* Problem details:
Return the data below exactly as given, except for the images.

* Records for processing:

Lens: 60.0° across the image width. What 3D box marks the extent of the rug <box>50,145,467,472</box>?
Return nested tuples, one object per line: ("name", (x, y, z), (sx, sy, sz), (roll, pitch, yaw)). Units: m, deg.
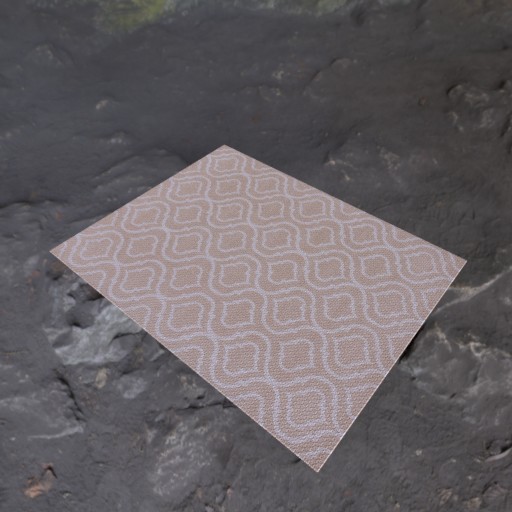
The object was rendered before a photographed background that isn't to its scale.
("rug", (0.000, 0.000, 3.912), (2.894, 0.013, 2.286), (31, 53, 27))
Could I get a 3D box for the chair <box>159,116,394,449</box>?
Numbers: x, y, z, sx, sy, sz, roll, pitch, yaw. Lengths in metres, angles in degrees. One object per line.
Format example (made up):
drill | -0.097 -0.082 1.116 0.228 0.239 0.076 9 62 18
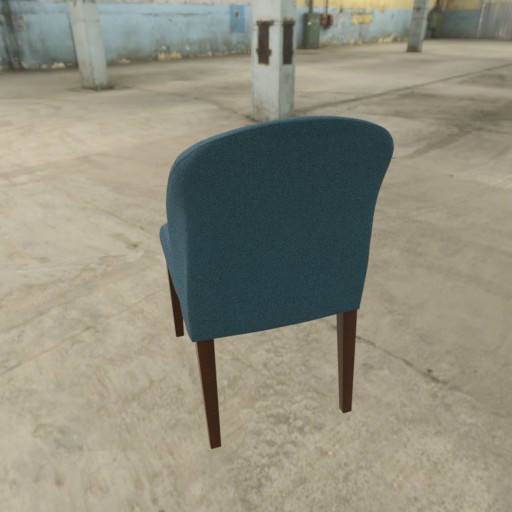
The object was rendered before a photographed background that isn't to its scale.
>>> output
chair | 0.000 0.000 1.275 0.507 0.879 0.620 -9 29 -16
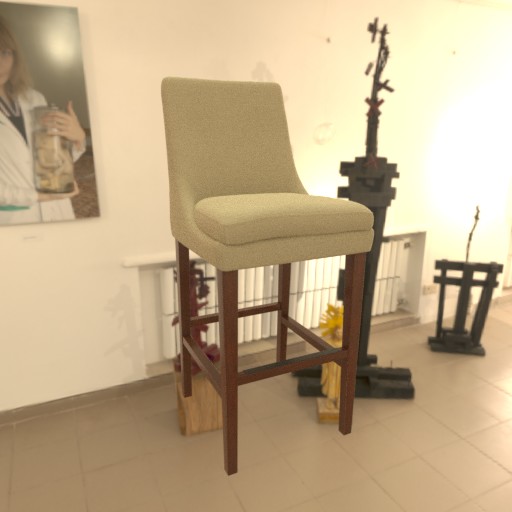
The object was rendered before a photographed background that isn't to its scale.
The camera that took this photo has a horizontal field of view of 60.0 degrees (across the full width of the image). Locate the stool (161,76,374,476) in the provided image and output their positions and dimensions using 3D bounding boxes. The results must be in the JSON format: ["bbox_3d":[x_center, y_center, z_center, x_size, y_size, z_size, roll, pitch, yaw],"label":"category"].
[{"bbox_3d":[0.000,0.000,1.384,0.470,1.078,0.577,-7,17,-25],"label":"stool"}]
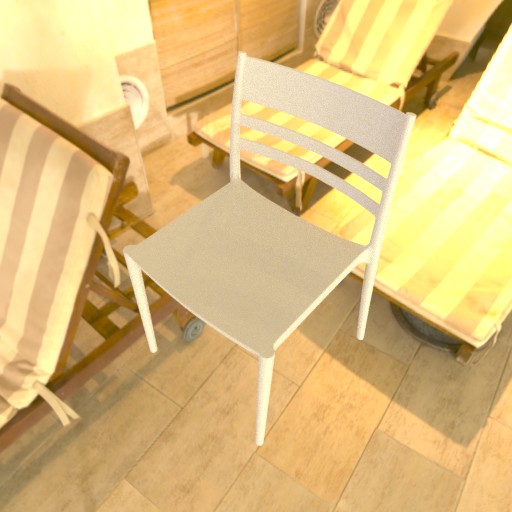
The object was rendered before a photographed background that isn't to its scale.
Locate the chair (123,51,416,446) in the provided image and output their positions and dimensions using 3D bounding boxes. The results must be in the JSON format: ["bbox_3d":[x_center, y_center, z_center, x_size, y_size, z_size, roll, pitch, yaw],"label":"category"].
[{"bbox_3d":[0.000,0.000,1.159,0.531,0.800,0.511,32,55,26],"label":"chair"}]

* Worked solution:
Lens: 60.0° across the image width. What 3D box marks the extent of the rug <box>50,145,467,472</box>?
Return nested tuples, one object per line: ("name", (x, y, z), (sx, sy, sz), (roll, pitch, yaw)). Units: m, deg.
The object was rendered before a photographed background that isn't to its scale.
("rug", (0.000, 0.000, 3.912), (2.894, 0.013, 2.286), (31, 53, 27))
Could I get a 3D box for the chair <box>159,116,394,449</box>?
Numbers: x, y, z, sx, sy, sz, roll, pitch, yaw. Lengths in metres, angles in degrees. One object per line.
Format example (made up):
drill | -0.097 -0.082 1.116 0.228 0.239 0.076 9 62 18
The object was rendered before a photographed background that isn't to its scale.
>>> output
chair | 0.000 0.000 1.275 0.507 0.879 0.620 -9 29 -16
The object was rendered before a photographed background that isn't to its scale.
The camera that took this photo has a horizontal field of view of 60.0 degrees (across the full width of the image). Locate the stool (161,76,374,476) in the provided image and output their positions and dimensions using 3D bounding boxes. The results must be in the JSON format: ["bbox_3d":[x_center, y_center, z_center, x_size, y_size, z_size, roll, pitch, yaw],"label":"category"].
[{"bbox_3d":[0.000,0.000,1.384,0.470,1.078,0.577,-7,17,-25],"label":"stool"}]
The object was rendered before a photographed background that isn't to its scale.
Locate the chair (123,51,416,446) in the provided image and output their positions and dimensions using 3D bounding boxes. The results must be in the JSON format: ["bbox_3d":[x_center, y_center, z_center, x_size, y_size, z_size, roll, pitch, yaw],"label":"category"].
[{"bbox_3d":[0.000,0.000,1.159,0.531,0.800,0.511,32,55,26],"label":"chair"}]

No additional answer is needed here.